Le Châtelet confiné "Ose Haendel" en streaming
Rien d'Osé a priori dans ce concert qui enchaîne sans présentation, explication ni silences (autres que quelques accordages et tournes de pages, parfois) des morceaux symphoniques et vocaux puisés à travers le catalogue opératique de Georg Friedrich Haendel (1685-1759). Les opus se suivent, passant d'un caractère à l'autre, se refermant par leurs ouvertures avec comme seul point commun le génie de Haendel et les talents lyriques des interprètes.
Si ce concert devient osé, c'est donc du simple (mais si complexe) fait de son maintien : permettant de continuer à faire vivre la musique comme en d'autres salles même fermées et grâce à d'autres artistes à travers le monde. L'interprétation musicale et la réalisation audio-visuelle sont impeccables, les images de ce théâtre vide sont toujours aussi osées... idem pour les passions éternelles mises en musique par Haendel.

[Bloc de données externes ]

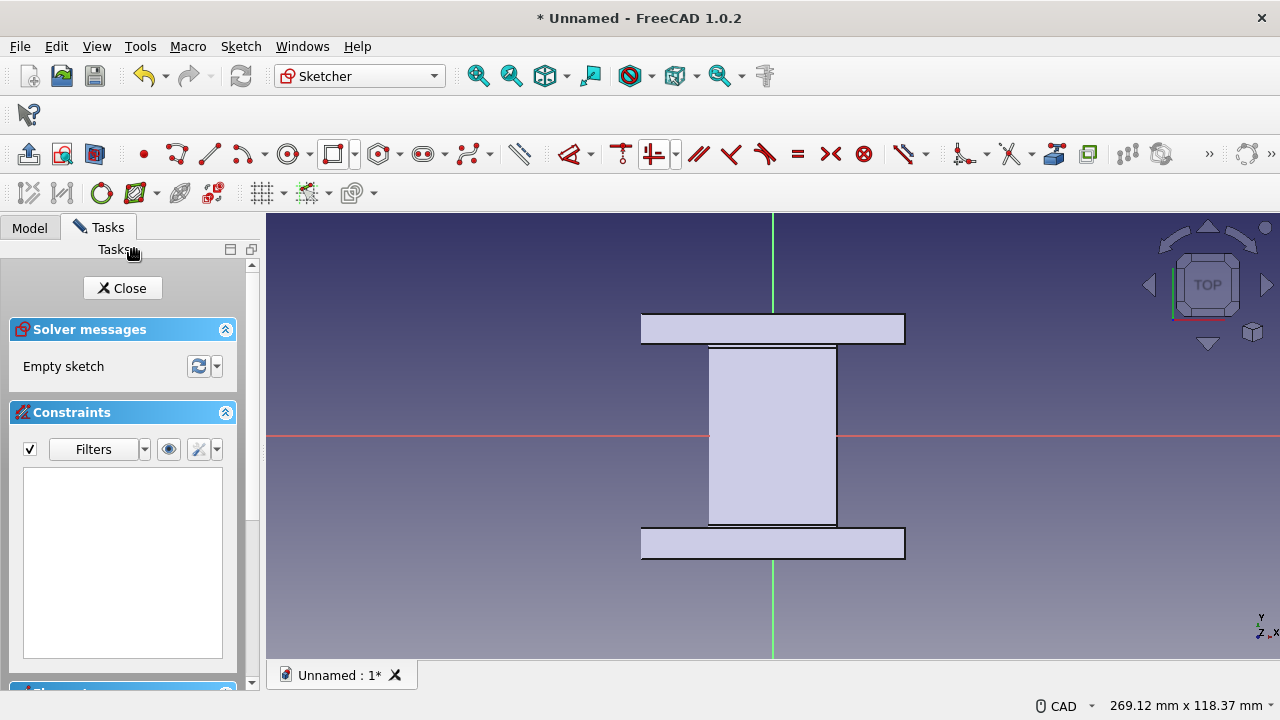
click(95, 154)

La diversité du programme permet de parcourir les sentiments, les nuances, les tempi et les timbres dans l'esprit d'un catalogue artistique. La Sinfonia inaugurale célèbre l'arrivée de la Reine de Saba (dans l'opéra Solomon) et marque ici le retour en grande pompe de la musique (de plus en plus rare et osée au Théâtre du Châtelet depuis sa réouverture, Covid ou pas). La beauté des timbres baroques sur instruments d'époque se sculpte et se déploie sur l'élégance des hautbois et les accents du clavecin dans l'immense velours de cet écrin vide. Elle bascule d'autant mieux vers la précipitation fougueuse d'Agrippina "Come nube che fugge dal vento". Ève-Maud Hubeaux en assume l'intensité avec de grands appuis, marquant les accents, martelant les contre-temps et vocalises mais lançant un peu les aigus. Christophe Rousset, empli d'inspiration, lance d'une grande expiration ses Talens Lyriques dans l'Ouverture de Tamerlano et en relance chaque phrasé en grande pompe y compris dans la fugue et vers l'air de la mezzo-soprano (récemment à l'affiche du Gala UNiSSON avec 64 autres collègues, en temps de couvre-feu) : "Cerco in vano" lui permet de déployer notamment ses graves à peine assourdis, dans un phrasé haletant. Le "Priva son d’ogni conforto" de Jules César instant trop sur son registre grave perdra toutefois la justesse et l'articulation, avant de les retrouver pourtant dans un frottement expressif rétabli.
La soprano Sandrine Piau (récemment à l'affiche de L'Instant Lyrique de l'Éléphant Paname confiné) s'accapare la fougue des instrumentistes et des partitions pour lancer des accents de tragédienne. "Ah ! Ruggiero crudel" est aussi intense dans le récit lyrique a cappella que sur les longs phrasés animés depuis le grave rauque jusqu'à l'aigu aiguisé. Ses longs phrasés la mènent jusqu'au bout du souffle. L'incarnation, l'incorporation vocale traduit la lutte entre ses sentiments amoureux et sa vive dénonciation de la cruauté, traitrise et déception, mais passent ensuite en grande délicatesse, lente et subtilement filée vers Ombre pallide avant de filer et tisser les pleurs lyriques du Piangerò comme un hommage à la situation actuelle. Une émotion trop grande pour retrouver juste ensuite (pour le même Jules César) ses appuis dans les grands sauts de registres et de nuances.
C'est aussi cela que d'Oser Haendel et les deux chanteuses osent, pour refermer ce concert, un duetto de toutes beautés "Più amabile beltà".